== DIRECTIONS FOR THIS TASK ==
Set down the lines below exactly as they stand, please. Go from the first through the one containing "Image width covers".

(Saved entries)

◆ ◆ ◆

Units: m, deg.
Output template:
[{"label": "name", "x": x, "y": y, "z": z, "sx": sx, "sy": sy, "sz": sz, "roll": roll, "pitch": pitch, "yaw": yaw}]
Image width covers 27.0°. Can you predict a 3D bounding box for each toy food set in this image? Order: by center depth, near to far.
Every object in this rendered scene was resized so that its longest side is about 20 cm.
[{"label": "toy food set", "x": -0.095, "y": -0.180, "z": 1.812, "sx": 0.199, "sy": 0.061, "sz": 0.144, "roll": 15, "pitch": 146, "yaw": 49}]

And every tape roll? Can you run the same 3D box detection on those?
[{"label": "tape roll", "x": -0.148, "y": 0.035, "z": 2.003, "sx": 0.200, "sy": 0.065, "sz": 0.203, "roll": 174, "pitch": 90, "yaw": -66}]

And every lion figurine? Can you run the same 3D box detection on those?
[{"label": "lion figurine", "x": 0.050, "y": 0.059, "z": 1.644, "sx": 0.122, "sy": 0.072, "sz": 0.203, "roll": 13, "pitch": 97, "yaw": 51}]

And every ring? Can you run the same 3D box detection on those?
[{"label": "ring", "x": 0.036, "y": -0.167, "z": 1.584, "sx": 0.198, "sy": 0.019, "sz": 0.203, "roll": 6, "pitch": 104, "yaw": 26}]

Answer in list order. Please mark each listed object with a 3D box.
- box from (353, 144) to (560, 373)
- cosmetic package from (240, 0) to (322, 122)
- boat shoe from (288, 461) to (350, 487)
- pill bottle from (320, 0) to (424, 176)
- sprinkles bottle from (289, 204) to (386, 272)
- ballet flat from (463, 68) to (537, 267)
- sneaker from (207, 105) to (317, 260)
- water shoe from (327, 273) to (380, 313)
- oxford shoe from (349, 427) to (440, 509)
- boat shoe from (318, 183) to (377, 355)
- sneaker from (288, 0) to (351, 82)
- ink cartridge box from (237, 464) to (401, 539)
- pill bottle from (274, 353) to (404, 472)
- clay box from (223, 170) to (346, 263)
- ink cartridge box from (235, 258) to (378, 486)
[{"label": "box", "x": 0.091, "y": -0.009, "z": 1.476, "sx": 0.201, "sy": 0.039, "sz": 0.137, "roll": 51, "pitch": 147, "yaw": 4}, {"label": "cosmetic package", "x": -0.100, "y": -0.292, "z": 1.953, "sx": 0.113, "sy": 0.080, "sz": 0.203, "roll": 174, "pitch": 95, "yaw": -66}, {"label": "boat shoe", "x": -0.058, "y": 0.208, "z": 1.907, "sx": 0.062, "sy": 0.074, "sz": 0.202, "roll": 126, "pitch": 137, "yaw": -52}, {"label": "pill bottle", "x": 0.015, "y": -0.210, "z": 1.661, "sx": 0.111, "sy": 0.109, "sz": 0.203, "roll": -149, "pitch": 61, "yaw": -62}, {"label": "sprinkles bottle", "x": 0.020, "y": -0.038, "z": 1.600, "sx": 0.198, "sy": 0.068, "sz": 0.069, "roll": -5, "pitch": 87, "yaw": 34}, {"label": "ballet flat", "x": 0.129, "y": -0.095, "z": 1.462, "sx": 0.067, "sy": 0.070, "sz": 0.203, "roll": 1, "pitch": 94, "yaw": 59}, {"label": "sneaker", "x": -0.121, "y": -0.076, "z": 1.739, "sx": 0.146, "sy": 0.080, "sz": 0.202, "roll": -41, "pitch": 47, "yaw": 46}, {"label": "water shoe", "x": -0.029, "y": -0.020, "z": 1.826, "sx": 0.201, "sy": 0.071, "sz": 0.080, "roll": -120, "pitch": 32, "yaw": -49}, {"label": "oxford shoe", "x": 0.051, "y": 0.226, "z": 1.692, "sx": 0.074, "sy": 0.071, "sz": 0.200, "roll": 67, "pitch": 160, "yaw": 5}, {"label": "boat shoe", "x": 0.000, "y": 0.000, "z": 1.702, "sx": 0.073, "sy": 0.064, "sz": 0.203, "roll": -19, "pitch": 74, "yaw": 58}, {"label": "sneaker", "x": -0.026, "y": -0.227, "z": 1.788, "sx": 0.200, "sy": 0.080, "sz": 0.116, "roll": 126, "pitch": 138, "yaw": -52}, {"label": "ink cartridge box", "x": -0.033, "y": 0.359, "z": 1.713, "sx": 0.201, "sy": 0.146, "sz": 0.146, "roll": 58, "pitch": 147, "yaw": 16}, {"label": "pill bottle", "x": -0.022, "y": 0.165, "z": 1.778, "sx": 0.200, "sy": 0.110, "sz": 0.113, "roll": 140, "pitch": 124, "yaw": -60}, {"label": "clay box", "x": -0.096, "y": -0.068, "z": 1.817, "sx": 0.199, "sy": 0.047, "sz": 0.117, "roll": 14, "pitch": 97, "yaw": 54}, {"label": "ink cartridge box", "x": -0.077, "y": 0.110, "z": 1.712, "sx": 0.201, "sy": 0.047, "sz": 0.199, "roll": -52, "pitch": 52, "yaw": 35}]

◆ ◆ ◆

== FINAL ANSWER ==
Units: m, deg.
Output template:
[{"label": "name", "x": x, "y": y, "z": z, "sx": sx, "sy": sy, "sz": sz, "roll": roll, "pitch": pitch, "yaw": yaw}]
Image width covers 27.0°. Can you predict a 3D bounding box for each toy food set in this image? Order: by center depth, near to far.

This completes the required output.